Heute werden im Internet nur Zubehörartikel bestellt die ich genau kenne und noch nie daneben gegriffen. Wegen ein paar € möchte ich keinen Fisch verlieren.

Ruten + Rollen nur beim Händler. Noch im Ladengeschäft werden die Ruten auf Herz und Nieren getestet. Dabei ist auch schon mal eine Jiggingrute gebrochen. Das Gesicht des Verkäufers werde ich nicht vergessen....

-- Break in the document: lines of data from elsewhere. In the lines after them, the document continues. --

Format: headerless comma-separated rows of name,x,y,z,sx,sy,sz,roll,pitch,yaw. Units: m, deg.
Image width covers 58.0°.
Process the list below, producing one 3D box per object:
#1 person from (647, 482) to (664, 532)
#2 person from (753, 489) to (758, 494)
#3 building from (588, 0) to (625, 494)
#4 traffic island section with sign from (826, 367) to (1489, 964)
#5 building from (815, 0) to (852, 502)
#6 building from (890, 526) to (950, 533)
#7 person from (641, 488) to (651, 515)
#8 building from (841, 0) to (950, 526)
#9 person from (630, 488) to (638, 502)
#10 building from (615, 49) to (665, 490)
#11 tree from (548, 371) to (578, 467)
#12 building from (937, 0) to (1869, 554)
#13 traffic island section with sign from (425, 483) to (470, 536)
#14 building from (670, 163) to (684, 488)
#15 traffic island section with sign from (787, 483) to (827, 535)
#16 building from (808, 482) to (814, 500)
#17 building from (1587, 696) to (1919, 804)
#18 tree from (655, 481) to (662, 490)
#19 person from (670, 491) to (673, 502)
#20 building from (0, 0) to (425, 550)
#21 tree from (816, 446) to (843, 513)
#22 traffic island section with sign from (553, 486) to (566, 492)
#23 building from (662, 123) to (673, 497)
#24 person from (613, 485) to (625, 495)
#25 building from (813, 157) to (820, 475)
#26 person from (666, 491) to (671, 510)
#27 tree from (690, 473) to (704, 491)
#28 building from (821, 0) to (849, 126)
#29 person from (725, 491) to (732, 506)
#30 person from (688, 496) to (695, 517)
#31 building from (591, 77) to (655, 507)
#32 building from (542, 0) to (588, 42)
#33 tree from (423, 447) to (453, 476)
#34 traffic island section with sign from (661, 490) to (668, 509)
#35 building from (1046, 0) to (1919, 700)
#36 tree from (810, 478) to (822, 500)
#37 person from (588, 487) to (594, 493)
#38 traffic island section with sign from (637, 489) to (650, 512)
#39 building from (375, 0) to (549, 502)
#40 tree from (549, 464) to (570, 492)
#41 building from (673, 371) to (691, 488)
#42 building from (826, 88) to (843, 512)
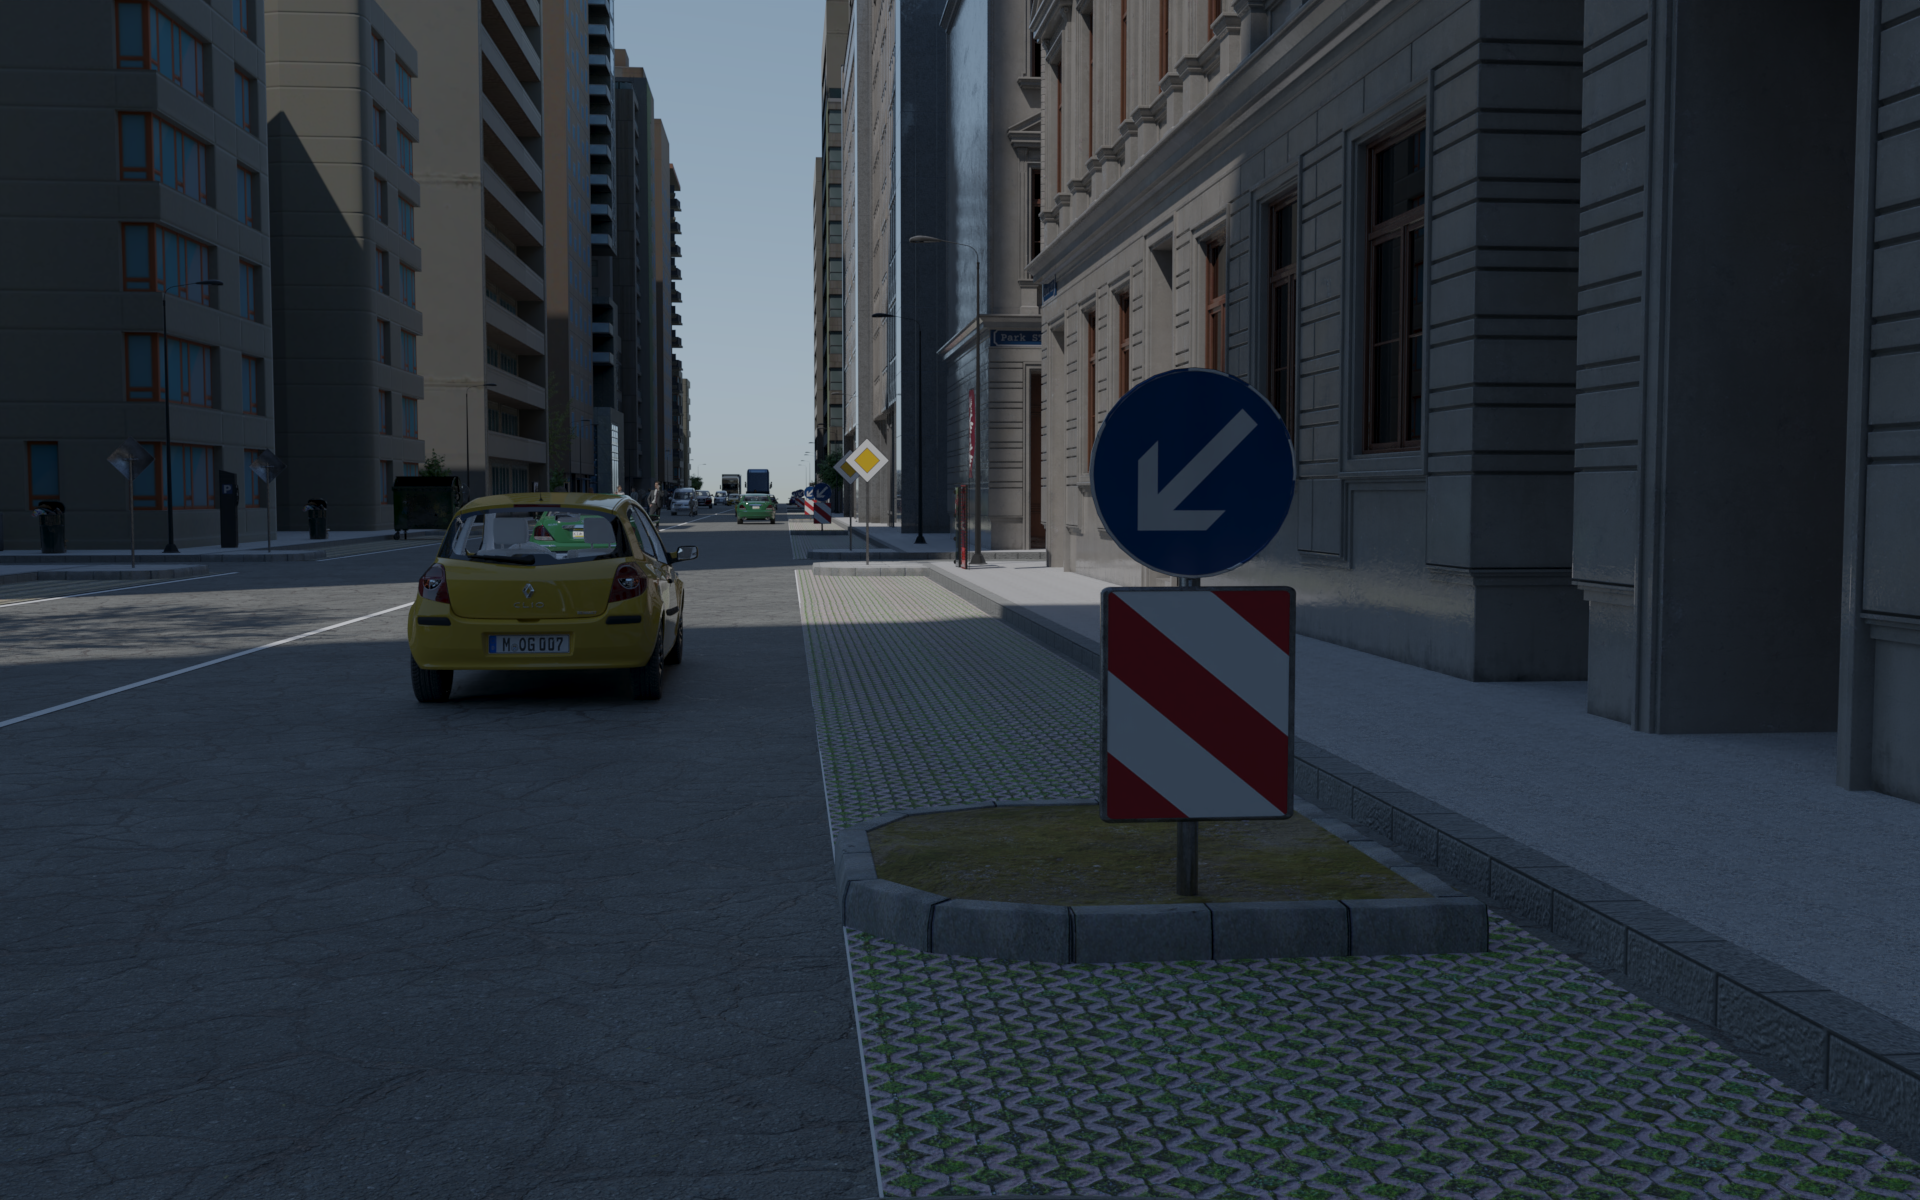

Rollen sind im Ladengeschäft kaum zu testen. Außer Kurbelverhalten und Bremse. Wenn der Händler mehre gleiche Rollen im Ladengeschäft hat, kurbelt die *alle* durch! Die mit dem saubersten Kurbel- und Bremsverhalten kaufen. Glaubt mir die kurbeln nicht alle gleich!!

Im Vorfeld immer ausgiebig im Web nach Bewertungen recherchieren und auch die Schematics studieren. Durch meine Rollenwartungen sehe ich schnell die Stärken und Schwächen und was evtl. nachträglich verbessert werden kann. Z.B. Kunststoffbuchsen durch Kugellager ersetzen. Wenn einer Rolle keine Schematics beiliegen, lasst die Finger davon. Dann noch ganz wichtig zu fragen wie es mit Wartung/Reparaturen und Ersatzteile bestellt ist.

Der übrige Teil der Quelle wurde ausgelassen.